Le récent hiver américain a été paradoxal : alors que de nombreux États de l’Est ont enduré une saison glaciale prolongée, le pays dans son ensemble a connu son deuxième hiver le plus chaud en 131 ans. Ce contraste saisissant souligne une réalité cruciale du changement climatique : les conditions météorologiques extrêmes sont de plus en plus inégalement réparties, avec des records de chaleur battant à un rythme alarmant.
Chaleur record dans l’Ouest
La moitié ouest des États-Unis a connu une chaleur sans précédent cet hiver, neuf États ayant enregistré leur saison la plus chaude de tous les temps et cinq la deuxième. Cette chaleur extrême a exacerbé les conditions de sécheresse existantes, augmentant considérablement le risque de graves incendies de forêt au printemps et en été à venir. La tendance au réchauffement ne concerne pas seulement les températures moyennes, mais également l’augmentation de la fréquence et de l’intensité des événements record.
Le paradoxe du froid oriental
Malgré la chaleur qui règne dans une grande partie du pays, huit États de l’est ont connu des températures inférieures à la moyenne. Cependant, même ces conditions plus froides n’étaient pas historiquement significatives ; aucun n’a failli battre des records froids. La raison pour laquelle ce froid est si intense est que la ligne de base a changé : les vagues de froid deviennent de plus en plus courtes et moins intenses à mesure que la planète se réchauffe.
Le changement climatique comme moteur sous-jacent
Selon Climate Central, la température hivernale moyenne la plus froide aux États-Unis est désormais de 7°F (4°C) plus élevée qu’en 1970. Cela signifie que lorsque les masses d’air froid se dirigent vers le sud, elles ne sont plus aussi extrêmes qu’elles l’étaient autrefois. Le changement ne vise pas à éliminer complètement le froid, mais à rendre les froids record de plus en plus rares tandis que les chaleurs record deviennent monnaie courante.
« Les records de froid sont devenus une situation véritablement rare, tandis que les records de chaleur se produisent désormais à une fréquence remarquable et déconcertante », note le climatologue Daniel Swain du California Institute for Water Resources.

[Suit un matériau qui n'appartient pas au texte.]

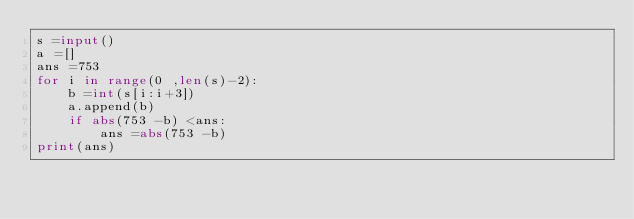<code> <loc_0><loc_0><loc_500><loc_500><_Python_>s =input()
a =[]
ans =753
for i in range(0 ,len(s)-2):
    b =int(s[i:i+3])
    a.append(b)
    if abs(753 -b) <ans:
        ans =abs(753 -b)
print(ans)</code> 
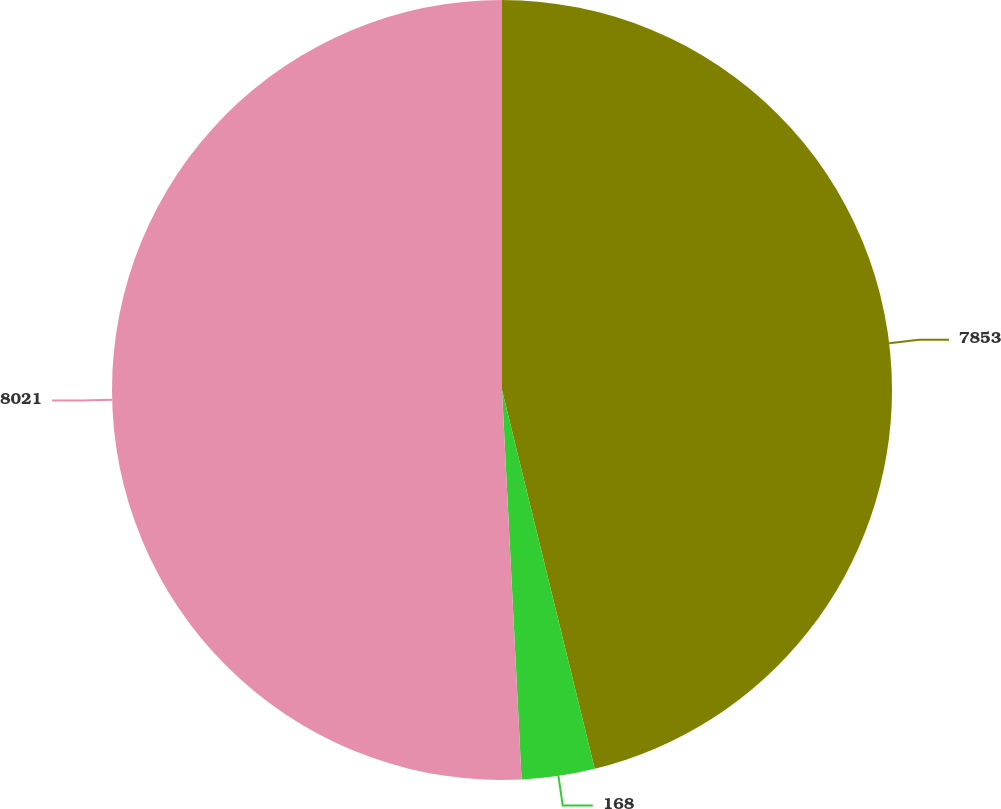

Regard vers l’avenir : encore de la chaleur à venir
La tendance aux chaleurs extrêmes devrait se poursuivre tant que les émissions de gaz à effet de serre resteront élevées. L’ouest des États-Unis se prépare déjà à une nouvelle vague de chaleur potentielle à la mi-mars, avec des températures pouvant dépasser 100°F (38°C) dans certaines régions.
Les données sont claires : les États-Unis connaissent un climat en transition, où les extrêmes deviennent plus prononcés et la chaleur l’emporte. La question n’est plus si les records vont tomber, mais à quelle vitesse ils continueront de se briser à mesure que la planète se réchauffe.